**Instructions to follow:** Drop all images and give the records again exactly.

Stored dataset items
------------------------------

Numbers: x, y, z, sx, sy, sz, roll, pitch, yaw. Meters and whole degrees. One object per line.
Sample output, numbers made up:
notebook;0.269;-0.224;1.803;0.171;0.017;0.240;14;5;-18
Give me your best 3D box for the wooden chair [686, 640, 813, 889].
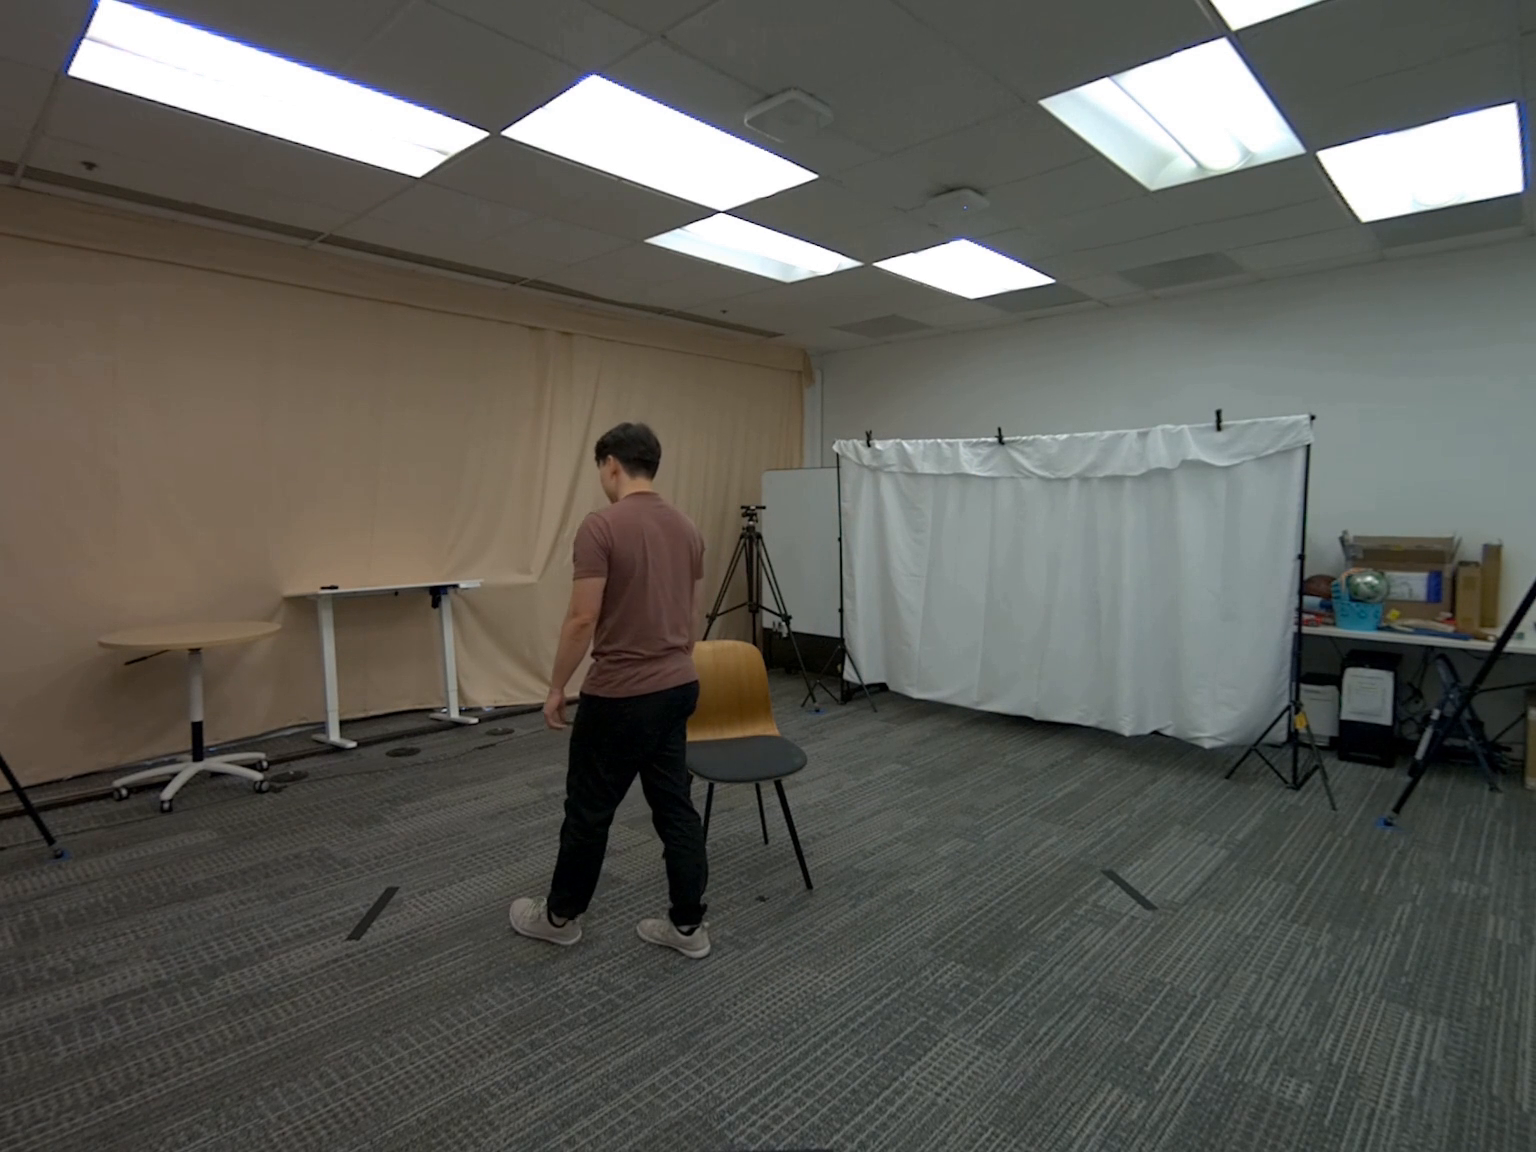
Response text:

------------------------------

**Answer to the problem:**
Numbers: x, y, z, sx, sy, sz, roll, pitch, yaw. Meters and whole degrees. One object per line.
Sample output, numbers made up:
notebook;0.269;-0.224;1.803;0.171;0.017;0.240;14;5;-18
Give me your best 3D box for the wooden chair [686, 640, 813, 889].
Response text:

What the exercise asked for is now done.